The kitchen door cracks off the wall as the winds tear it from the newcomer’s hands. It caroms in time with Danilo’s erratic heart.
Sunlight sears his unadjusted eyes.
A young man stumbles in, the contents of his bag tumbling onto the floor. Wide hazel eyes linger on Danilo, flicking over the sand dusting his forehead and falling to his blue eyes. The Stormthrower’s hair cowlicks in every other direction, unearthed by his hood. Pots clang together near Danilo’s ear.
Danilo tosses his only knife—gleaming as if made for this purpose—and watches it pass through the intruder. Like a stone in water. Embedding in the wall with a thunk. Red magic coils around the Stormthrower’s chest like a snake. He didn’t flinch at the knife, his scared eyes trained on Danilo.
Danilo shrinks back, the air blown from his lungs, unable to categorize this kind of magic. He remains unmoving until the Stormthrower’s eyes tick past Danilo’s shoulder.
Before Danilo can draw his sword, he’s pinned to the wall. A sharp blade hovers at the base of his neck and a familiar shade of ice blue seizes the room like a hurricane. Water flicks against his face despite the surrounding desert wasteland.
Enzo Sapienti is a powerful man. He has faced off against the General for as long as Danilo can remember. Long before he became the Lieutenant of Audantei. Danilo knows his skill is slim compared to Enzo’s vast years, and his inexperience makes him eager for a fight. But the haunting memory of a soldier’s head, blown off against his leg on the borders of the Untamed North, settles the reality of the situation.
Enzo cages Danilo’s throat in an iron grip. Danilo swallows his need to breathe and meets Enzo’s glare with a sneer of his own. It pulls his notched lip beneath the fabric. Enzo’s steely gray eyes are unchanging through the curtain of brown hair, temples graying where it’s pulled back from his face.
Danilo blinks away the spots in his vision when Enzo’s grip tenses. Magus appears in the doorway. He grips the young Stormthrower’s sleeve at the elbow.

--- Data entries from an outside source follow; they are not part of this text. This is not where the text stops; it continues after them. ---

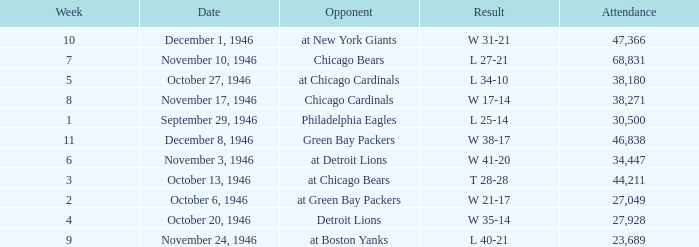What is the combined attendance of all games that had a result of w 35-14? 27928.0. Parse the table in full. {'header': ['Week', 'Date', 'Opponent', 'Result', 'Attendance'], 'rows': [['10', 'December 1, 1946', 'at New York Giants', 'W 31-21', '47,366'], ['7', 'November 10, 1946', 'Chicago Bears', 'L 27-21', '68,831'], ['5', 'October 27, 1946', 'at Chicago Cardinals', 'L 34-10', '38,180'], ['8', 'November 17, 1946', 'Chicago Cardinals', 'W 17-14', '38,271'], ['1', 'September 29, 1946', 'Philadelphia Eagles', 'L 25-14', '30,500'], ['11', 'December 8, 1946', 'Green Bay Packers', 'W 38-17', '46,838'], ['6', 'November 3, 1946', 'at Detroit Lions', 'W 41-20', '34,447'], ['3', 'October 13, 1946', 'at Chicago Bears', 'T 28-28', '44,211'], ['2', 'October 6, 1946', 'at Green Bay Packers', 'W 21-17', '27,049'], ['4', 'October 20, 1946', 'Detroit Lions', 'W 35-14', '27,928'], ['9', 'November 24, 1946', 'at Boston Yanks', 'L 40-21', '23,689']]} 
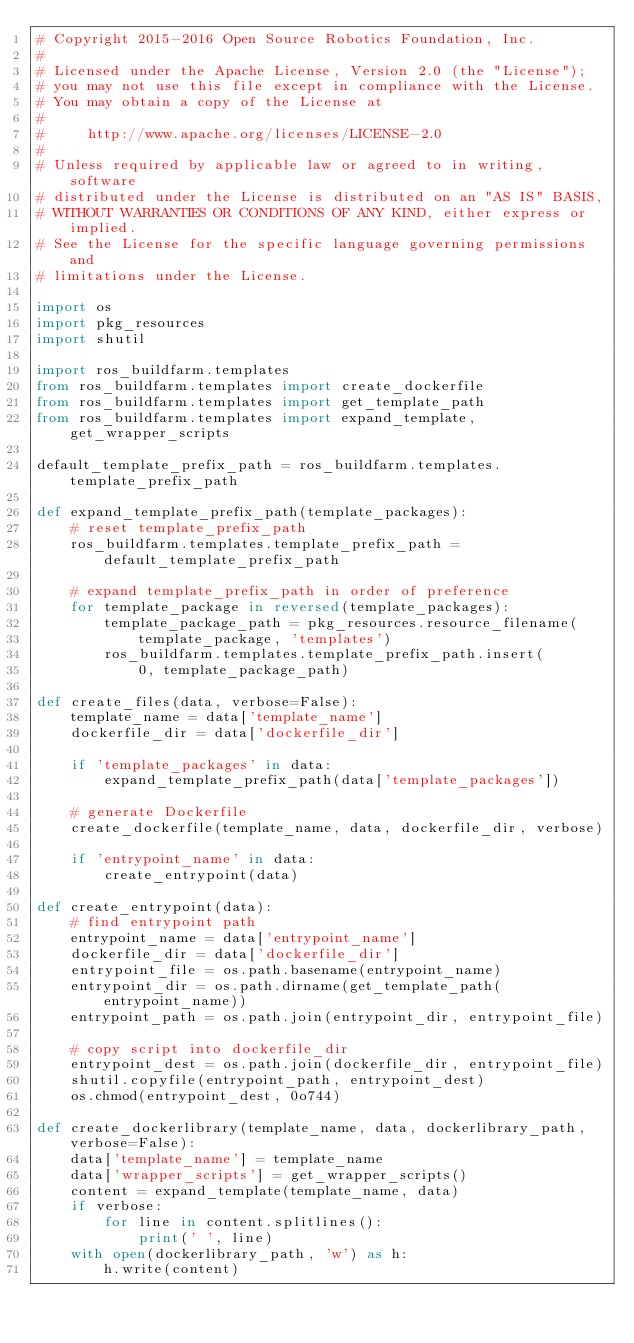Convert code to text. <code><loc_0><loc_0><loc_500><loc_500><_Python_># Copyright 2015-2016 Open Source Robotics Foundation, Inc.
#
# Licensed under the Apache License, Version 2.0 (the "License");
# you may not use this file except in compliance with the License.
# You may obtain a copy of the License at
#
#     http://www.apache.org/licenses/LICENSE-2.0
#
# Unless required by applicable law or agreed to in writing, software
# distributed under the License is distributed on an "AS IS" BASIS,
# WITHOUT WARRANTIES OR CONDITIONS OF ANY KIND, either express or implied.
# See the License for the specific language governing permissions and
# limitations under the License.

import os
import pkg_resources
import shutil

import ros_buildfarm.templates
from ros_buildfarm.templates import create_dockerfile
from ros_buildfarm.templates import get_template_path
from ros_buildfarm.templates import expand_template, get_wrapper_scripts

default_template_prefix_path = ros_buildfarm.templates.template_prefix_path

def expand_template_prefix_path(template_packages):
    # reset template_prefix_path
    ros_buildfarm.templates.template_prefix_path = default_template_prefix_path

    # expand template_prefix_path in order of preference
    for template_package in reversed(template_packages):
        template_package_path = pkg_resources.resource_filename(
            template_package, 'templates')
        ros_buildfarm.templates.template_prefix_path.insert(
            0, template_package_path)

def create_files(data, verbose=False):
    template_name = data['template_name']
    dockerfile_dir = data['dockerfile_dir']

    if 'template_packages' in data:
        expand_template_prefix_path(data['template_packages'])

    # generate Dockerfile
    create_dockerfile(template_name, data, dockerfile_dir, verbose)

    if 'entrypoint_name' in data:
        create_entrypoint(data)

def create_entrypoint(data):
    # find entrypoint path
    entrypoint_name = data['entrypoint_name']
    dockerfile_dir = data['dockerfile_dir']
    entrypoint_file = os.path.basename(entrypoint_name)
    entrypoint_dir = os.path.dirname(get_template_path(entrypoint_name))
    entrypoint_path = os.path.join(entrypoint_dir, entrypoint_file)

    # copy script into dockerfile_dir
    entrypoint_dest = os.path.join(dockerfile_dir, entrypoint_file)
    shutil.copyfile(entrypoint_path, entrypoint_dest)
    os.chmod(entrypoint_dest, 0o744)

def create_dockerlibrary(template_name, data, dockerlibrary_path, verbose=False):
    data['template_name'] = template_name
    data['wrapper_scripts'] = get_wrapper_scripts()
    content = expand_template(template_name, data)
    if verbose:
        for line in content.splitlines():
            print(' ', line)
    with open(dockerlibrary_path, 'w') as h:
        h.write(content)
</code> 
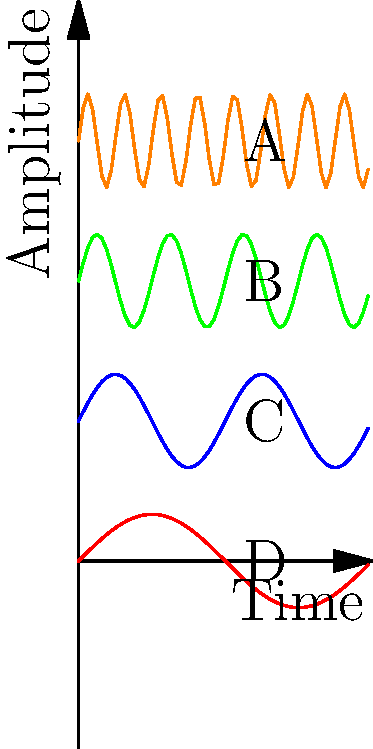As a musician who appreciates the intricacies of sound, imagine you're analyzing audio waveforms on an oscilloscope. The image shows four different waveforms (A, B, C, and D) representing various audio signals. Which waveform would most likely correspond to Marina's high-pitched, crystal-clear vocals in her song "Primadonna"? To answer this question, let's analyze each waveform:

1. Waveform A (Orange): This has the highest frequency among the four, with 8 complete cycles within the given time frame. High-frequency waves correspond to higher pitches in audio.

2. Waveform B (Green): This has the second-highest frequency, with 4 complete cycles. It represents a moderately high pitch.

3. Waveform C (Blue): This has 2 complete cycles, representing a lower pitch compared to A and B.

4. Waveform D (Red): This has the lowest frequency, with only 1 complete cycle. It represents the lowest pitch among the four.

In audio engineering, higher frequencies correspond to higher pitches. Marina's vocals in "Primadonna" are known for their high-pitched, crystal-clear quality. Therefore, the waveform that would most likely represent her vocals would be the one with the highest frequency.

Among the given waveforms, Waveform A (Orange) has the highest frequency and would best represent Marina's high-pitched vocals.
Answer: Waveform A

“Easton,” Magus warns, shifting a blood-stained shoulder. His displaced smile glints at Enzo’s failing control.
Danilo takes an involuntary breath in when Enzo releases, the man’s fingers pressed into either side of his neck in warning. His gaze remains locked with Magus in the silent air. Magus drags the young man closer to him, the red leather coat bunched in his fist. The young man jolts when his back bumps into Magus, a trembling hand forcing through his untamed hair.
Enzo rips the fabric away from Danilo’s face. Danilo wheezes shallowly, hand tensed on his sword’s hilt. Enzo’s gaze flickers before falling still. Danilo’s unable to chart the emotion.
“How old are you?”
His voice sounds akin to the General’s when he enters an interrogation. Danilo clacks his jaw tight, prepared to die in his next moments by Enzo’s hand rather than the General’s. There’s a familiar, fiery threat which darkens Enzo’s expression. Enzo presses closer.
“We’re overrun.” Magus’ bored gaze lands on the blood staining the tunic beneath Danilo’s armor.
Enzo speaks over his shoulder. “Take Easton.”
Magus nods, readjusts his grip, and hauls Easton from the dingy kitchen. Neither man acknowledges Easton’s chattering complaints.
Danilo inhales once his feet leave the floor, vision tilting as he’s forced through the kitchen wall. Shards bite into his back and the remaining air is blown from his lungs. His head drives against the compact sand outside.
The amber sun engulfs the smoke-filled sky, mocking the lands with its greedy devour. It joins the skirmish of black spots dancing in his sight until the blue sun-sear encroaches on his vision.
He’s allotted little time to wonder how he’s alive before being swallowed by unconsciousness.